In the early Middle Ages, Scandinavian influence on British life, language and culture was profound. The Vikings had a major and lasting impact, and their legacy still resonates strongly in modern constructions of British identity and heritage. Scandinavian settlement began in earnest in the late ninth century, especially in the North and East of England, and probably its most enduring and significant effect was on the English language. The Gersum Project is a three-year collaborative research project in English lexicography, funded by the Arts and Humanities Research Council (AHRC) from 2016–19. It is named after the Middle English word gersum, borrowed from Old Norse gørsemi ‘treasure’, and it will be the fullest survey ever undertaken of the rich and varied body of English words derived from Old Norse.

English words with Old Norse origins certainly enriched the language. They include such basic modern-day items as sky, egg, law, leg, call, take, window, knife, die and skin, and the pronouns they, their and them, as well as medieval words as diverse and intriguing as hernez ‘brains’, muged ‘drizzled’, stange ‘pole’ and wothe ‘danger’. These are cultural artefacts which link us directly to the Vikings, and many of which English-speakers still use on a daily basis; and there are hundreds of other similar borrowings in standard and regional English usage, especially Northern dialects. The Gersum Project is investigating their early history to address questions about how we can identify Old Norse loans, and how and by whom these words were used in the first few centuries after their adoption into English, especially in the crucial Middle English period. The project’s research will result in a fully searchable online catalogue of the more than 1000 different words for which an origin in Norse has been suggested in a corpus of major Middle English poems from the North of England, including famous works of literature such as Sir Gawain and the Green Knight, Pearl and The Wars of Alexander. Users of the catalogue will be able to explore, amongst other issues, each word’s etymology, meaning, textual attestations and dialectal distribution. The project also incorporates a number of events, including an inter-disciplinary conference in Cambridge and a series of talks open to the general public. The project team is Dr Richard Dance (Cambridge), Dr Sara Pons-Sanz (Cardiff) and Dr Brittany Schorn (Cambridge). For more information, please visit our website .

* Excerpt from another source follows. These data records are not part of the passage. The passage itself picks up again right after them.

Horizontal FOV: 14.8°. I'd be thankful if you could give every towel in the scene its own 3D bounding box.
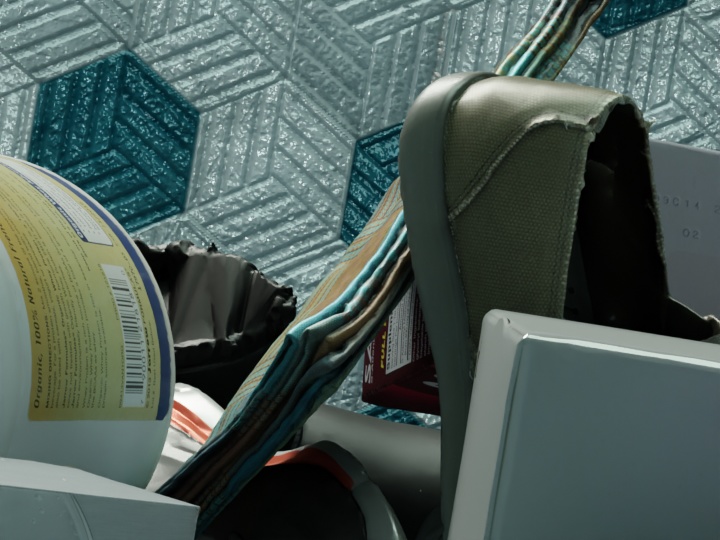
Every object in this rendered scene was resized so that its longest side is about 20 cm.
[{"bbox_3d":[0.000,0.000,0.862,0.022,0.200,0.147,39,-42,-3],"label":"towel"}]

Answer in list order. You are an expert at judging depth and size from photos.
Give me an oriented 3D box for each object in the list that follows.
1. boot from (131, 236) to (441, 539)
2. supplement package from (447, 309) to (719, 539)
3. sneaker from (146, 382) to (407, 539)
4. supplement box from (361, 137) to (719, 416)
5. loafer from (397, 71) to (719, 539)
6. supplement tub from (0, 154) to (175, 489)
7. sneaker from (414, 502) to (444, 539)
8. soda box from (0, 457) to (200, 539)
[{"bbox_3d":[-0.032,0.054,1.051,0.198,0.073,0.162,3,-35,11],"label":"boot"},{"bbox_3d":[0.122,0.085,0.682,0.200,0.120,0.121,10,2,-1],"label":"supplement package"},{"bbox_3d":[-0.049,0.097,0.910,0.082,0.077,0.200,-24,20,-25],"label":"sneaker"},{"bbox_3d":[0.081,0.010,0.931,0.109,0.061,0.200,10,-13,-15],"label":"supplement box"},{"bbox_3d":[0.063,0.039,0.767,0.070,0.200,0.075,-12,4,38],"label":"loafer"},{"bbox_3d":[-0.148,0.029,0.802,0.144,0.144,0.200,9,-1,15],"label":"supplement tub"},{"bbox_3d":[0.060,0.109,0.888,0.085,0.075,0.200,2,-13,32],"label":"sneaker"},{"bbox_3d":[-0.140,0.070,0.634,0.200,0.063,0.068,10,0,-35],"label":"soda box"}]
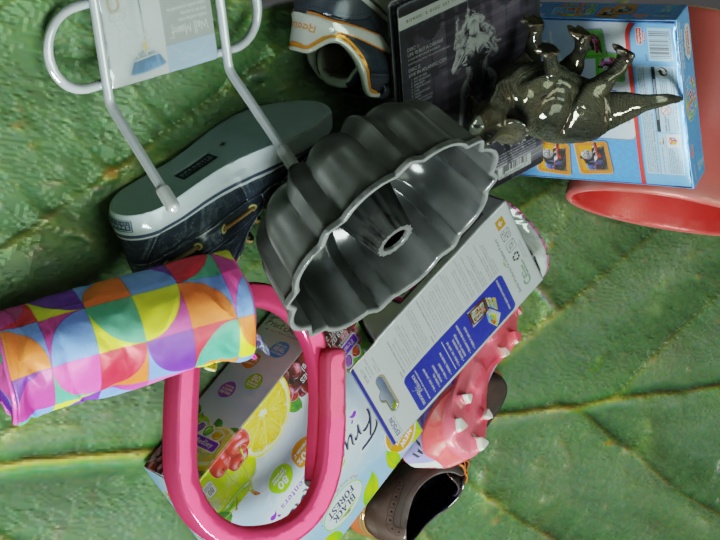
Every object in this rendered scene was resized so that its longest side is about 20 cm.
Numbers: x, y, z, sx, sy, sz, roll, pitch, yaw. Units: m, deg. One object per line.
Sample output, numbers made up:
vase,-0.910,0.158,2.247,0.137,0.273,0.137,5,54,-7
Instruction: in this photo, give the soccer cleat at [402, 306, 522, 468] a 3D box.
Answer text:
soccer cleat,0.087,0.085,1.725,0.067,0.076,0.201,44,44,-30

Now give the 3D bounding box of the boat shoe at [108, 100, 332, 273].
boat shoe,-0.098,-0.051,1.490,0.199,0.071,0.092,-32,127,-27

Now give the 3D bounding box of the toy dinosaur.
toy dinosaur,0.157,-0.138,1.567,0.198,0.077,0.103,-1,126,-30

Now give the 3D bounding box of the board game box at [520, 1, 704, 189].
board game box,0.180,-0.148,1.650,0.037,0.198,0.153,-50,137,-48

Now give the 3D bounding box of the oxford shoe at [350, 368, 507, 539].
oxford shoe,0.077,0.166,1.743,0.200,0.072,0.071,-48,133,-24

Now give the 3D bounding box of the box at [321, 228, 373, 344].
box,0.000,0.000,1.621,0.075,0.050,0.201,-50,133,-22

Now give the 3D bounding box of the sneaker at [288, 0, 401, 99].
sneaker,0.014,-0.168,1.557,0.199,0.078,0.080,28,83,-43

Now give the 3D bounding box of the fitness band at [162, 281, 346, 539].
fitness band,-0.081,0.110,1.498,0.142,0.037,0.202,3,86,-28

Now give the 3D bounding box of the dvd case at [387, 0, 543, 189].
dvd case,0.086,-0.146,1.572,0.148,0.016,0.202,-28,131,-30

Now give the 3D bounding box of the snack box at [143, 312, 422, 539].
snack box,-0.057,0.143,1.596,0.200,0.067,0.169,-49,132,-22

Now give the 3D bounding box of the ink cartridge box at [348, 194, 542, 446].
ink cartridge box,0.064,0.038,1.618,0.200,0.037,0.095,-48,131,-22

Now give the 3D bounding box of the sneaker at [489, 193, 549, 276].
sneaker,0.077,-0.037,1.682,0.200,0.080,0.087,44,78,-34

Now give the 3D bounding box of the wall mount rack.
wall mount rack,-0.122,-0.143,1.411,0.199,0.074,0.176,-21,110,-39

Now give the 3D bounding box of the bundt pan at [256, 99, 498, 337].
bundt pan,0.004,-0.048,1.471,0.201,0.076,0.202,-35,159,-16

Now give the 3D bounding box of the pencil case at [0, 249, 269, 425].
pencil case,-0.165,0.049,1.396,0.198,0.088,0.089,-13,114,-20

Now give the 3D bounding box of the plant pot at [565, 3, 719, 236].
plant pot,0.295,-0.136,1.796,0.199,0.199,0.179,17,82,-48
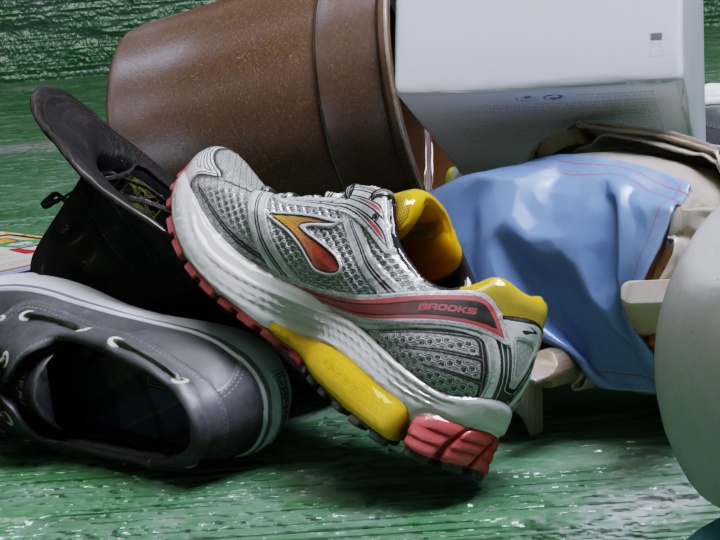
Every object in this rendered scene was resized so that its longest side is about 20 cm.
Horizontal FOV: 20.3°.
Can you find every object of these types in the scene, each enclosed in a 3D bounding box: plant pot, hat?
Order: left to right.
[{"bbox_3d":[-0.099,0.008,0.911,0.081,0.201,0.201,-45,10,4],"label":"hat"},{"bbox_3d":[-0.035,-0.094,1.226,0.197,0.201,0.200,-9,8,22],"label":"plant pot"}]

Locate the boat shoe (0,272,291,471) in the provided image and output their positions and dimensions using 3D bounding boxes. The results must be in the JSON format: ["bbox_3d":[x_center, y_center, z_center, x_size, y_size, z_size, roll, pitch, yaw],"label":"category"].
[{"bbox_3d":[-0.121,0.043,0.827,0.199,0.069,0.057,5,15,35],"label":"boat shoe"}]

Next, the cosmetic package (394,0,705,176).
[{"bbox_3d":[0.091,-0.152,0.903,0.122,0.201,0.200,-1,-10,14],"label":"cosmetic package"}]

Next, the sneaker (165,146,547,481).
[{"bbox_3d":[0.000,0.000,0.784,0.200,0.082,0.078,37,9,39],"label":"sneaker"}]

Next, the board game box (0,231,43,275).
[{"bbox_3d":[-0.197,0.019,1.040,0.151,0.047,0.199,-14,14,-38],"label":"board game box"}]

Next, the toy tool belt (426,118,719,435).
[{"bbox_3d":[0.073,0.001,0.813,0.199,0.126,0.123,3,5,39],"label":"toy tool belt"}]

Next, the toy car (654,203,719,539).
[{"bbox_3d":[0.117,0.082,0.343,0.150,0.175,0.200,-44,20,-8],"label":"toy car"}]

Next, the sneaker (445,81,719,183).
[{"bbox_3d":[0.142,-0.035,1.056,0.199,0.085,0.075,-14,-35,22],"label":"sneaker"}]

Richard Dance studied in Oxford, where he completed a doctorate in 1997 on the Old Norse influence on early Middle English vocabulary. He is Reader in Early English in the Department of Anglo-Saxon, Norse and Celtic in the University of Cambridge, and a Fellow of St Catharine’s College.
Brittany Schorn completed her doctorate on Old Norse poetry in Cambridge in 2012. She is Research Associate on the Gersum Project, and based in the Department of Anglo-Saxon, Norse and Celtic in the University of Cambridge.
The lecture will take place at 2pm at Swarthmore Education Centre in Leeds in the main hall on the lower ground floor. This is because of the need to allow for a larger than usual turnout for the session, which is being held jointly with the Yorkshire Dialect Society.